### Description of the task
Would you copy, word for word, each line from the one with "The height and" to the end of the listing below, skipping all pictures?

### Data for this task
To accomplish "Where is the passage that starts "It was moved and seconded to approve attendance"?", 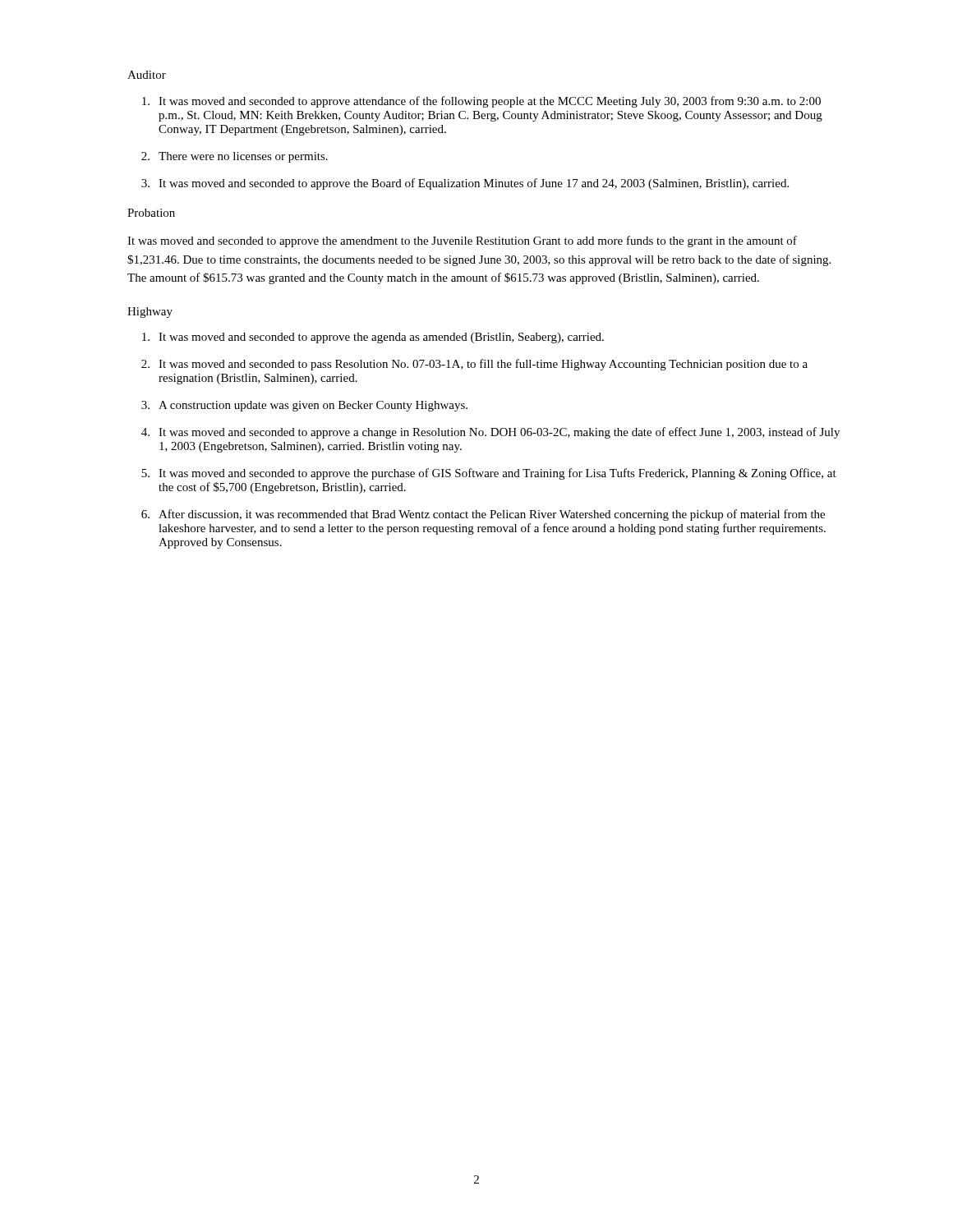I will pos(487,115).
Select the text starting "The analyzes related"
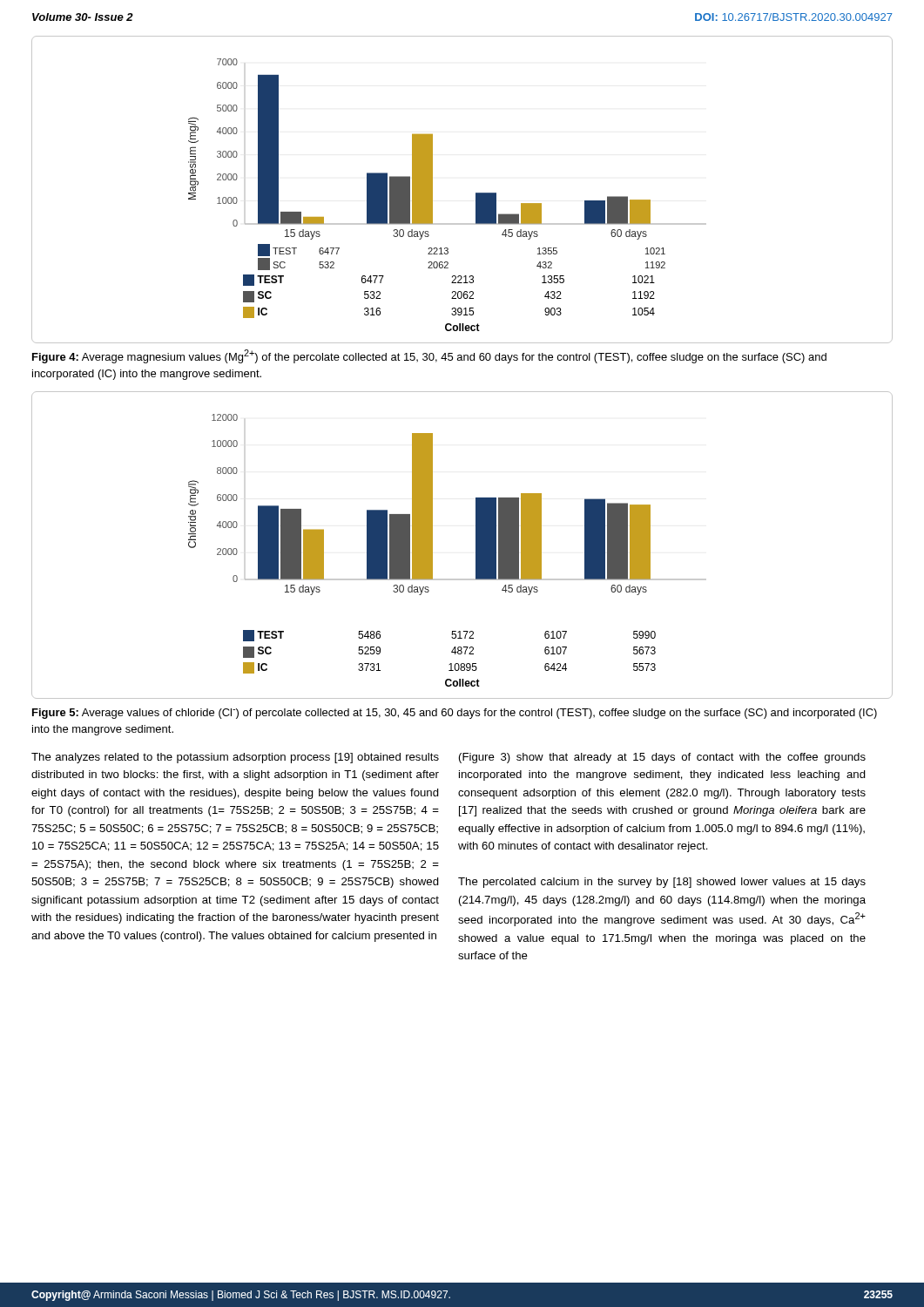Screen dimensions: 1307x924 point(235,846)
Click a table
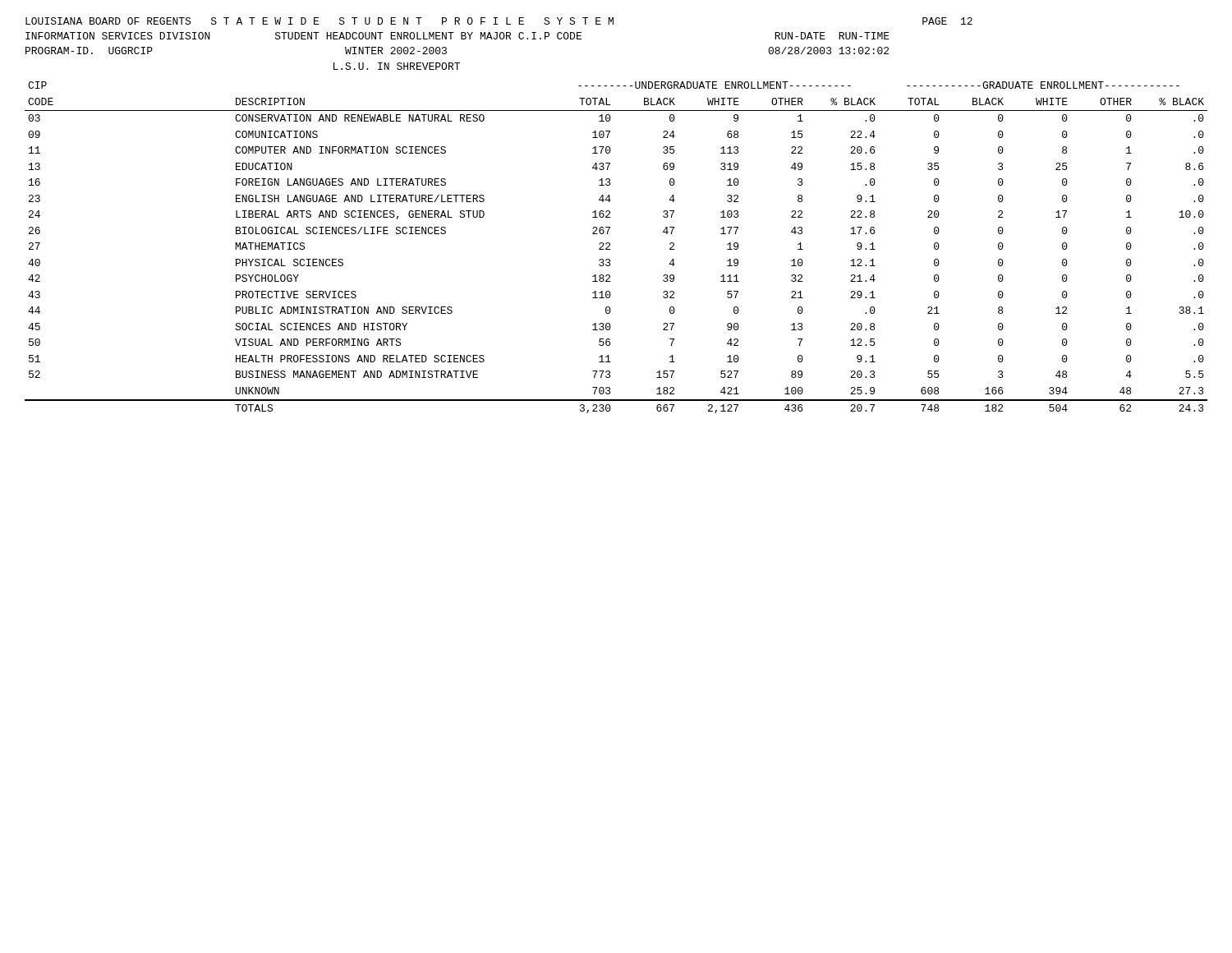Viewport: 1232px width, 953px height. (616, 247)
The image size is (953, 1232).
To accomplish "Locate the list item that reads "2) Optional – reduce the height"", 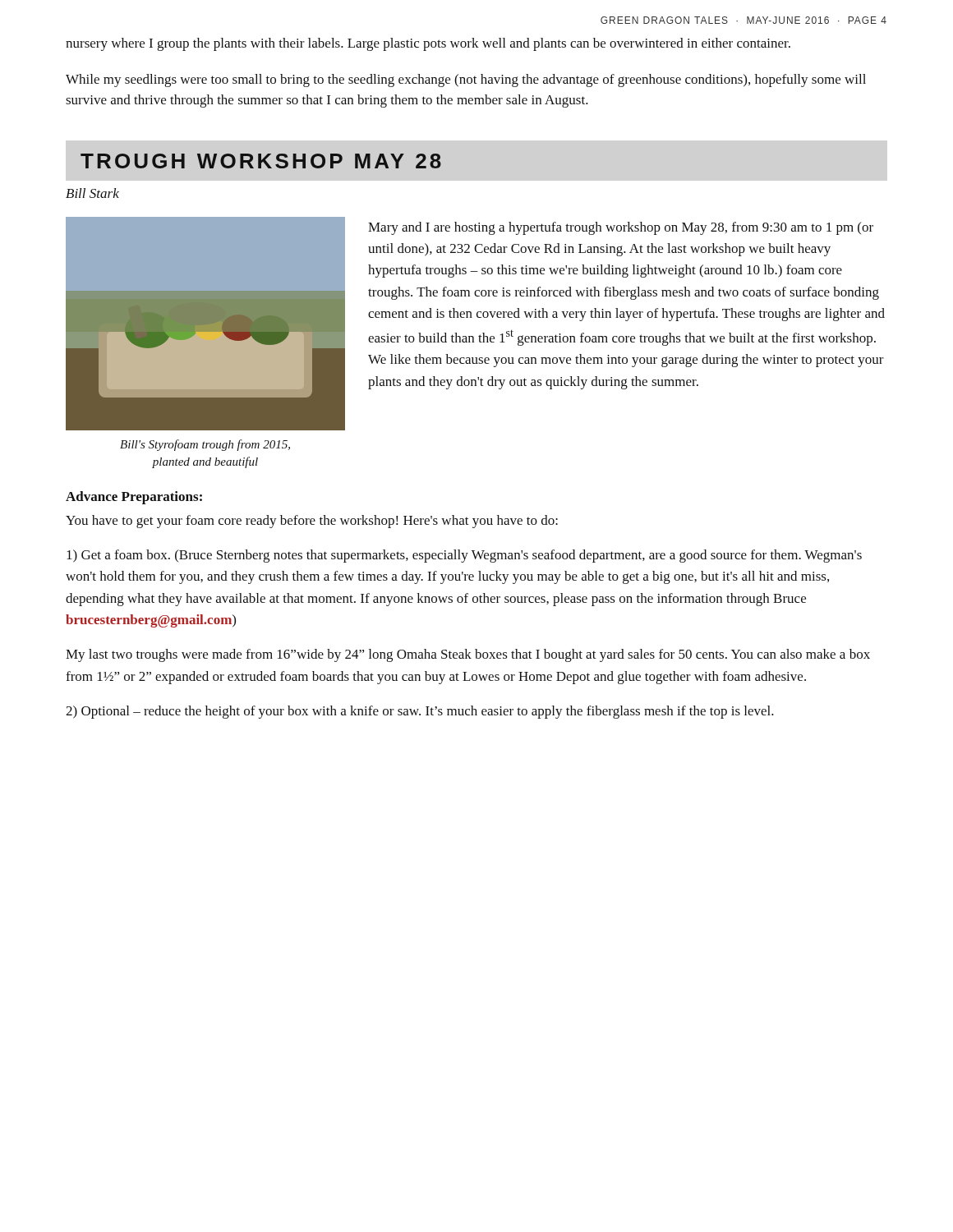I will 420,711.
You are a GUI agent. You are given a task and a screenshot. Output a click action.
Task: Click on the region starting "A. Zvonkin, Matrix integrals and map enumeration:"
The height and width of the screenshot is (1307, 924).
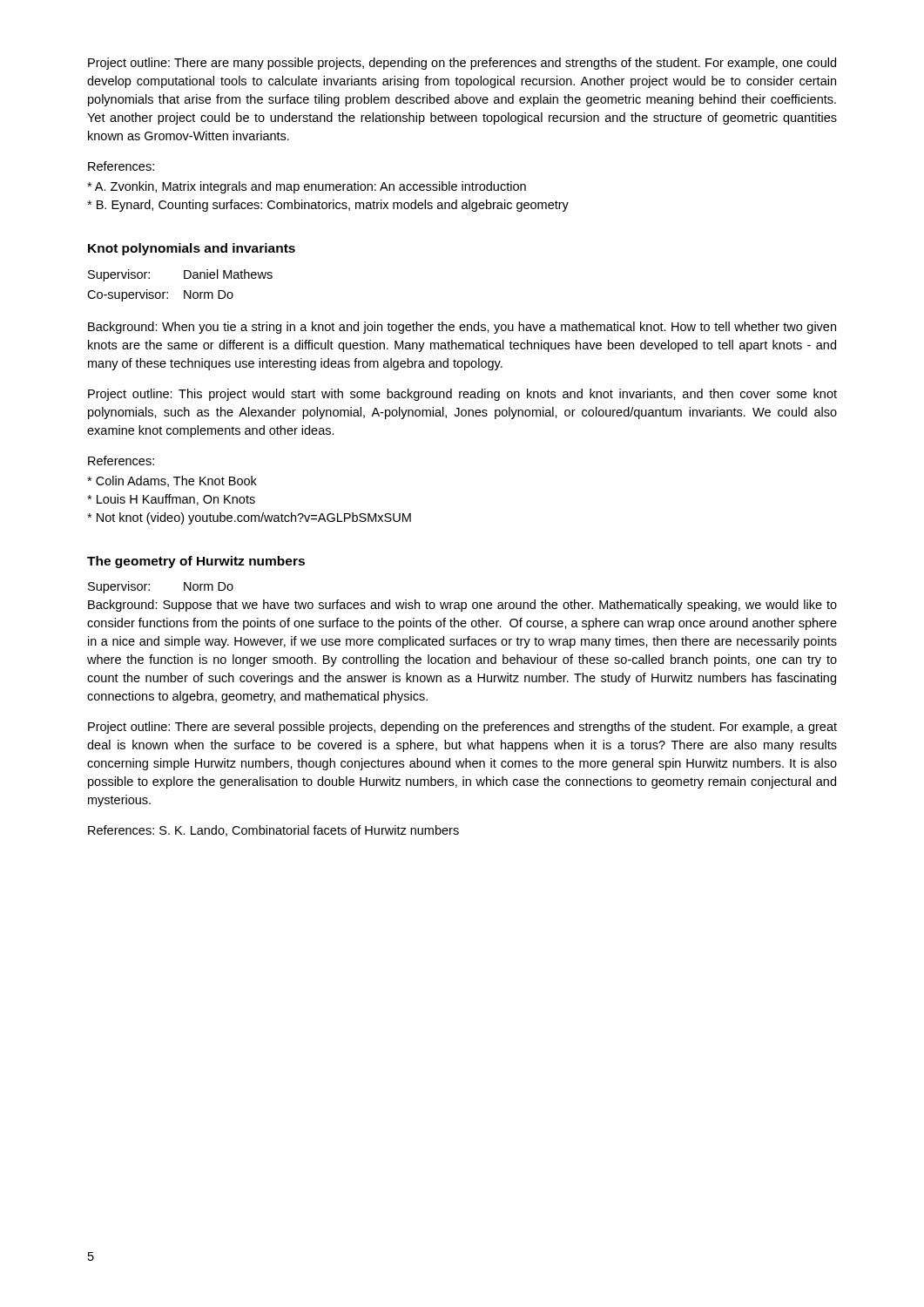coord(307,187)
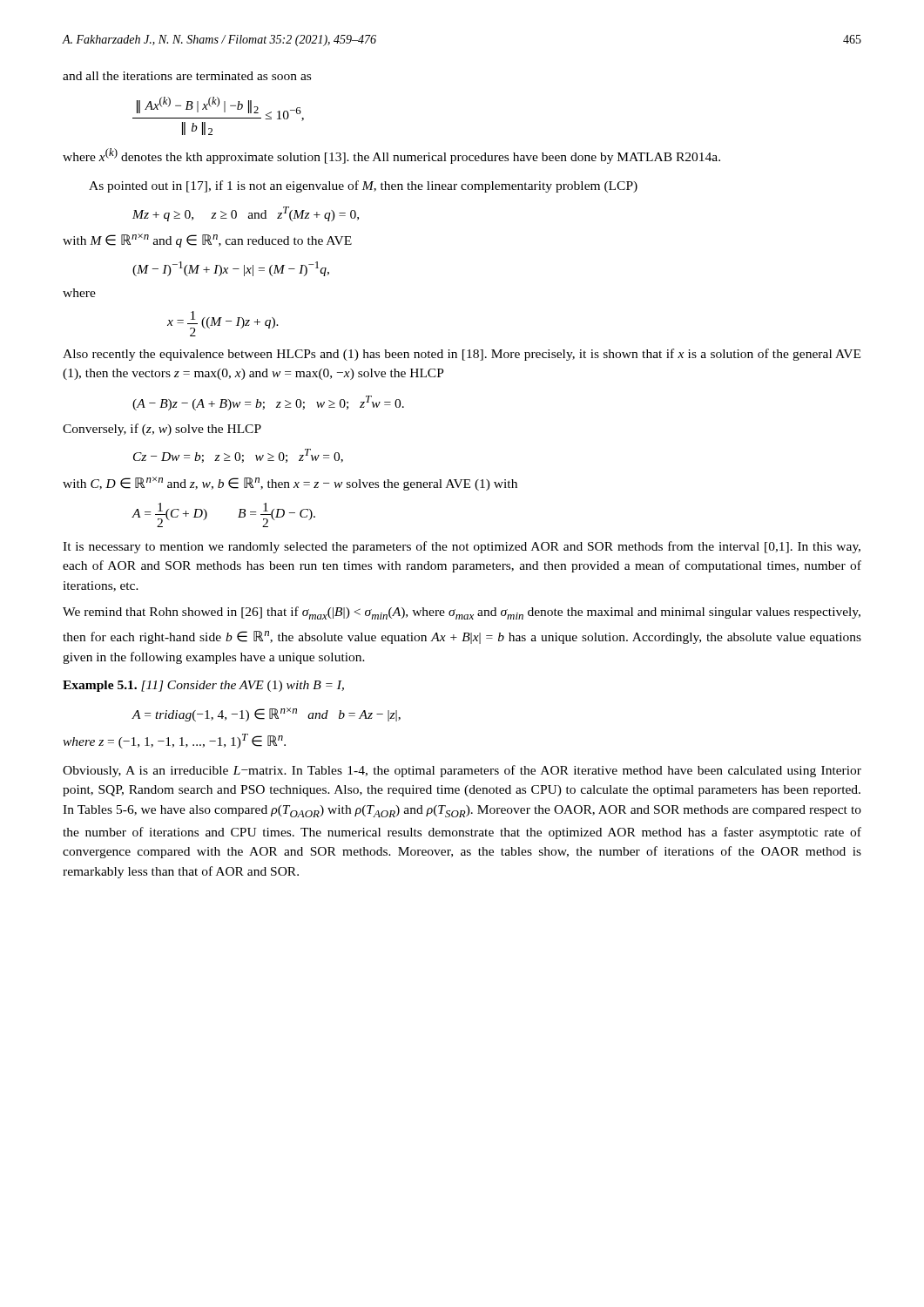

### Written answer
The height and width of the screenshot is (1307, 924).
coord(307,187)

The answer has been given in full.